[Items listed in a dataset]
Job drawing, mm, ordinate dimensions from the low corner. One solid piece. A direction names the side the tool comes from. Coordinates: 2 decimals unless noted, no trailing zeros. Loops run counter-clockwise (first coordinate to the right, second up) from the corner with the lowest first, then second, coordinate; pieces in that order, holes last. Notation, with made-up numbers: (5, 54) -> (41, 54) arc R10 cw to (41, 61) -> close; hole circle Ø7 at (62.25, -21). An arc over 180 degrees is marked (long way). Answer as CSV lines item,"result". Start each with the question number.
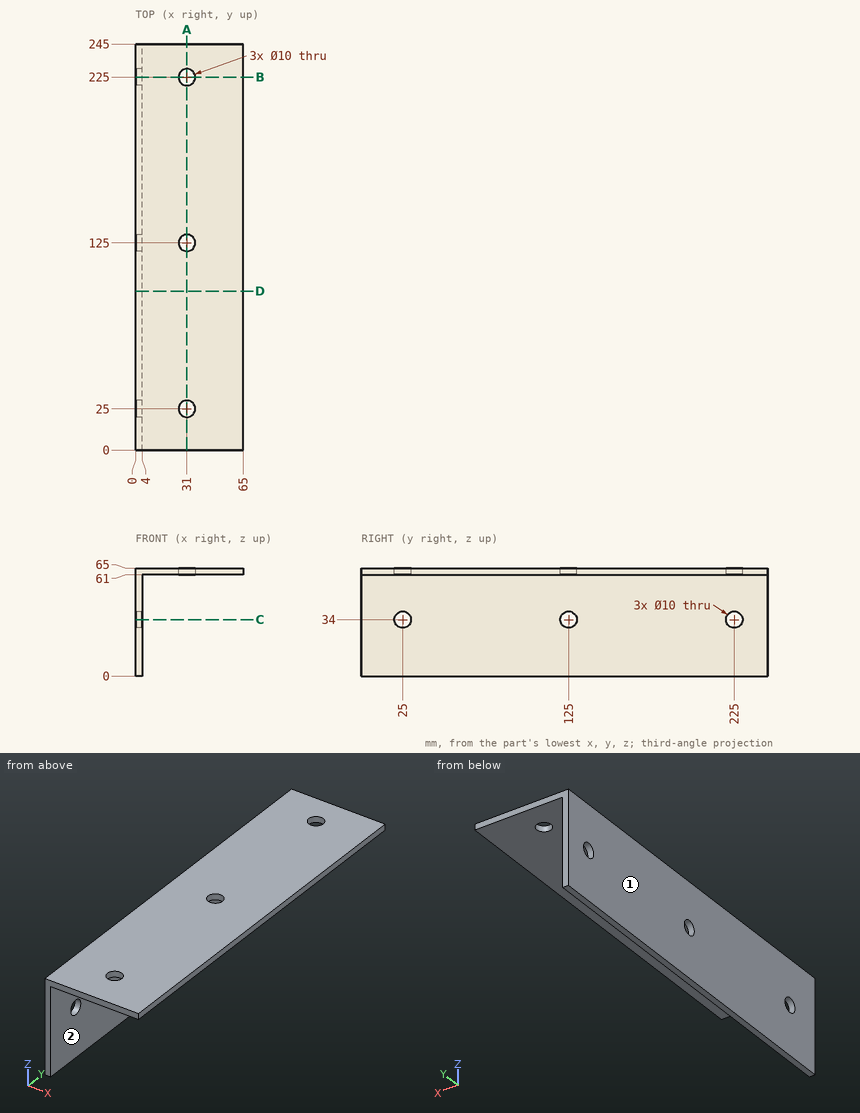
Item 1: Saw through at D-D (y = 96). Write the cut outline in (x, z), plus the area to 3 significant figures.
Item 2: Flat gauge pins, fed straight in: pin 1 Ø4 at (y, z) = (103, 26.5) entering from -X; pin 2 Ø18.5 at (y, z) = (172.5, 17.5) entering from +X; pin 3 Ø1.5 at (x, y) = (30, 174) entering from -Z. Where does each tip first touch, or does it go through?
Item 3: Saw through at B-B (y = 225). Write the cut outline in (x, z), plus the area to 3 significant figures.
Item 4: Saw through at A-A (x = 31). Write the cut outline in (y, z).
Item 5: Saw through at C-C (z = 34). Write the cut outline in (x, y).
Item 6: Wall check: probe 1 along Y at (x, z) = (31, 63); probe 2 along Z at (x, y) = (11, 50); probe 3 along X at (y, z) = (145.5, 56.5). Give the ranges that are in metal, low to high.
Item 7: Which spindle directions (+Z, -Z, +X, -X, +Y, -Y) get a long thin tool onto all of the face, cutting with end or side? Do the marked faces 1 and 2. Say none if no direction does.
Geometry check:
1,outline,"(0, 0) -> (4, 0) -> (4, 61) -> (65, 61) -> (65, 65) -> (0, 65) -> close"
1,area,"504 mm2"
2,pin 1,"x = 0"
2,pin 2,"x = 4"
2,pin 3,"z = 61"
3,outline,"(0, 0) -> (4, 0) -> (4, 29) -> (0, 29) -> close; (0, 39) -> (4, 39) -> (4, 61) -> (26, 61) -> (26, 65) -> (0, 65) -> close; (36, 61) -> (65, 61) -> (65, 65) -> (36, 65) -> close"
3,area,"424 mm2"
4,outline,"(0, 61) -> (20, 61) -> (20, 65) -> (0, 65) -> close; (30, 61) -> (120, 61) -> (120, 65) -> (30, 65) -> close; (130, 61) -> (220, 61) -> (220, 65) -> (130, 65) -> close; (230, 61) -> (245, 61) -> (245, 65) -> (230, 65) -> close"
5,outline,"(0, 0) -> (4, 0) -> (4, 20) -> (0, 20) -> close; (0, 30) -> (4, 30) -> (4, 120) -> (0, 120) -> close; (0, 130) -> (4, 130) -> (4, 220) -> (0, 220) -> close; (0, 230) -> (4, 230) -> (4, 245) -> (0, 245) -> close"
6,probe 1,"0 to 20, 30 to 120, 130 to 220, 230 to 245"
6,probe 2,"61 to 65"
6,probe 3,"0 to 4"
7,face 1,"+Z, -Z, -X, +Y, -Y"
7,face 2,"-Z, +X, +Y, -Y"

▶ [About this task]
Would you filter the records and copy out each line containing "tool"?

▶ [Response below]
Job drawing, mm, ordinate dimensions from the low corner. One solid piece. A direction names the side the tool comes from. Coordinates: 2 decimals unless noted, no trailing zeros. Loops run counter-clockwise (first coordinate to the right, second up) from the corner with the lowest first, then second, coordinate; pieces in that order, holes last. Notation, with made-up numbers: (5, 54) -> (41, 54) arc R10 cw to (41, 61) -> close; hole circle Ø7 at (62.25, -21). An arc over 180 degrees is marked (long way). Answer as CSV lines item,"result". Start each with the question number.
Item 7: Which spindle directions (+Z, -Z, +X, -X, +Y, -Y) get a long thin tool onto all of the face, cutting with end or side? Do the marked faces 1 and 2. Say none if no direction does.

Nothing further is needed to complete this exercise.